Locate the string "SUBTRACT" in the listing below. Copy every line where it is found.

**********

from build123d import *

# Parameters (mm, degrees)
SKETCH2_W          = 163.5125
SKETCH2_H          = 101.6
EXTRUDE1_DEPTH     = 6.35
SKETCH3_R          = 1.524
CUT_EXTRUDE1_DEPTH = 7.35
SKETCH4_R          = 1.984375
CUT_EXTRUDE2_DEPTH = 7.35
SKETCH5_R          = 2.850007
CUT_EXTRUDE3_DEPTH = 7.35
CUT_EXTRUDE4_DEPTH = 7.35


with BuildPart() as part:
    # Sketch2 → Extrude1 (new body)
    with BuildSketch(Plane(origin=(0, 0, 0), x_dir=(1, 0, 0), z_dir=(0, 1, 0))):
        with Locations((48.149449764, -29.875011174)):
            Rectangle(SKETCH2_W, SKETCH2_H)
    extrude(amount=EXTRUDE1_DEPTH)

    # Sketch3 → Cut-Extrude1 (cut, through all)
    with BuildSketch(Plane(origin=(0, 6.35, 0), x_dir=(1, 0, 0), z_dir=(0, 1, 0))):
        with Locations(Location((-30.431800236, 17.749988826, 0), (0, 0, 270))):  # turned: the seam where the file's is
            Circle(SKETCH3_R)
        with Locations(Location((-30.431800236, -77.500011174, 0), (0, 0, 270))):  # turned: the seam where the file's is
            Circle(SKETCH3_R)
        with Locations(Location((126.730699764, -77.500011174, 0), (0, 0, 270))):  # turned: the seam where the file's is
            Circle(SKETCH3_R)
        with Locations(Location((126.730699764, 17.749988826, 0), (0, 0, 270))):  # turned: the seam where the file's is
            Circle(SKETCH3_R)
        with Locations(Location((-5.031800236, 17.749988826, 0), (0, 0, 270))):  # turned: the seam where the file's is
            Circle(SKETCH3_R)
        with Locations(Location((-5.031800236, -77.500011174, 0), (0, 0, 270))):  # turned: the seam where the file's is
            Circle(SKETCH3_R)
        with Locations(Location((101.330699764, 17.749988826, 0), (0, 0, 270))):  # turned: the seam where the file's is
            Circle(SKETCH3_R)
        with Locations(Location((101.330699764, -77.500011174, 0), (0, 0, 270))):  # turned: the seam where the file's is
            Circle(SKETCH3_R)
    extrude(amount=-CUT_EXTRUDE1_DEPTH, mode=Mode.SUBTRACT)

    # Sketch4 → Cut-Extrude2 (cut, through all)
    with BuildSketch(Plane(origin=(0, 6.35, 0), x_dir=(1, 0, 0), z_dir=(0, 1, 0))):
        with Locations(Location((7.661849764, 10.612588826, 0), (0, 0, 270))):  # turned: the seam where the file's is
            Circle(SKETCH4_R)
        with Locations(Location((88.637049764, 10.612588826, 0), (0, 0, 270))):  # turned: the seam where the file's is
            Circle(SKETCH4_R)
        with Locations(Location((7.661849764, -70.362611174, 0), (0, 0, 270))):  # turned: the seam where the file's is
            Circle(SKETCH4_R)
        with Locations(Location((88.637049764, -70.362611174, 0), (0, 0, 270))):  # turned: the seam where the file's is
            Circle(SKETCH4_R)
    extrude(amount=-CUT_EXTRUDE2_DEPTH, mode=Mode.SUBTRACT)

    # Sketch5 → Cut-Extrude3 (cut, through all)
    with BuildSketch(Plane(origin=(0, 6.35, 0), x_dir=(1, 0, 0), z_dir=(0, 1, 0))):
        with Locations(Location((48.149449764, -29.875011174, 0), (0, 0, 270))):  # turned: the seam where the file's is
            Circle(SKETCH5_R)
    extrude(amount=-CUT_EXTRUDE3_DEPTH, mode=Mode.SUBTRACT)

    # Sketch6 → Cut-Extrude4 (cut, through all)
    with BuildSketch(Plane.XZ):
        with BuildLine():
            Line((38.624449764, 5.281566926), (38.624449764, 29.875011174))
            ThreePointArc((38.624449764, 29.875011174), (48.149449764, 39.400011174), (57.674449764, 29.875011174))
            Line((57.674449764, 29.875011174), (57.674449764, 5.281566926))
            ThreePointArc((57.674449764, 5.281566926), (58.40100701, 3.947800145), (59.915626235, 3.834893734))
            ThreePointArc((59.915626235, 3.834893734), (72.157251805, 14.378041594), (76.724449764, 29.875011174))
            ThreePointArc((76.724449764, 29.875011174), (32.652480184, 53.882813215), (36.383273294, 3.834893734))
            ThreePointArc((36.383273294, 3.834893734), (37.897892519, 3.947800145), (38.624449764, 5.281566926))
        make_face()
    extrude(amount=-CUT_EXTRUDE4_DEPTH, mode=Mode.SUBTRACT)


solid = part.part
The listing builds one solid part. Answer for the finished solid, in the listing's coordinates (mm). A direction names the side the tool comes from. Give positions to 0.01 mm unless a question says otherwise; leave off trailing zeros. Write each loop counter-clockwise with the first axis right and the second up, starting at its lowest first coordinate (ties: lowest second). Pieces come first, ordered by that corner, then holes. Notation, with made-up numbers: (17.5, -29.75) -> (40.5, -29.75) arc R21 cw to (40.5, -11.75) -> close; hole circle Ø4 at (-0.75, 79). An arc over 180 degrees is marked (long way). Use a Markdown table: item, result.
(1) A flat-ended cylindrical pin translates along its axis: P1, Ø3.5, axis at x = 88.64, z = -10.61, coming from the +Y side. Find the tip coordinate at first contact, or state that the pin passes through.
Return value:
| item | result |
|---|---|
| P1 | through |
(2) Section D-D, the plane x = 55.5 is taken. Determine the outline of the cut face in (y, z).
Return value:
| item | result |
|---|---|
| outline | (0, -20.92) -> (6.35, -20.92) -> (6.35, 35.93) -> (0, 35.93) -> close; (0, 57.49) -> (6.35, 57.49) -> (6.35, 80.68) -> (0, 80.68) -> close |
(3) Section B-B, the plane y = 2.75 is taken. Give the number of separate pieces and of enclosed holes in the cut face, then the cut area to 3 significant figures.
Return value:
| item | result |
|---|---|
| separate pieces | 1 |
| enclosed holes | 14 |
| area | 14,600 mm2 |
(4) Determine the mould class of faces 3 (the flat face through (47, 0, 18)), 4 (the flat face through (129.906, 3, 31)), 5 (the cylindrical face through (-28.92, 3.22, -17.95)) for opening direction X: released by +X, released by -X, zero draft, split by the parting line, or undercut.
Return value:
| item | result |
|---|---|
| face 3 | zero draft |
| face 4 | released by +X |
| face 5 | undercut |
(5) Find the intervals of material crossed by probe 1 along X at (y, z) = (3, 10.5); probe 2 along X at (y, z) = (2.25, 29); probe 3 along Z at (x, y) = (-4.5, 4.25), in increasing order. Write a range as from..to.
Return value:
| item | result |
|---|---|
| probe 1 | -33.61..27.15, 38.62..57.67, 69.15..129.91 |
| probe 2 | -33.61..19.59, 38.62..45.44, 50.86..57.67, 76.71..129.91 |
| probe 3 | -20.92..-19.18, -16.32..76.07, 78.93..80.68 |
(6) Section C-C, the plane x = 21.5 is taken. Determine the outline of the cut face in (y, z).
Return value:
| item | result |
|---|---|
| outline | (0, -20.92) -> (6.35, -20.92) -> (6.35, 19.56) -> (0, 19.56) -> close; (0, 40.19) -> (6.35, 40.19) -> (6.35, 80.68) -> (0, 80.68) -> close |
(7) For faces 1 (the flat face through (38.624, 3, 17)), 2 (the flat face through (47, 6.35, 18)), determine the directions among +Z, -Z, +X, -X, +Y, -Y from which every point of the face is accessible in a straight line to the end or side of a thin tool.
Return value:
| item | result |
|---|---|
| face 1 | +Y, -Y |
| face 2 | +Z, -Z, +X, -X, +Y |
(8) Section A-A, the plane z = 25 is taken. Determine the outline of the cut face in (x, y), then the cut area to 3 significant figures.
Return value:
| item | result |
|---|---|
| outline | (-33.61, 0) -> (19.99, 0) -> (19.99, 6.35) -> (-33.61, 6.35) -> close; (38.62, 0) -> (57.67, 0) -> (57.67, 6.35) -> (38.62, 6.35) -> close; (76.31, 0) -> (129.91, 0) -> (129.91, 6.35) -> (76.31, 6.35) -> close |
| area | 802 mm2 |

**********

■ WORKED SOLUTION
    extrude(amount=-CUT_EXTRUDE1_DEPTH, mode=Mode.SUBTRACT)
    extrude(amount=-CUT_EXTRUDE2_DEPTH, mode=Mode.SUBTRACT)
    extrude(amount=-CUT_EXTRUDE3_DEPTH, mode=Mode.SUBTRACT)
    extrude(amount=-CUT_EXTRUDE4_DEPTH, mode=Mode.SUBTRACT)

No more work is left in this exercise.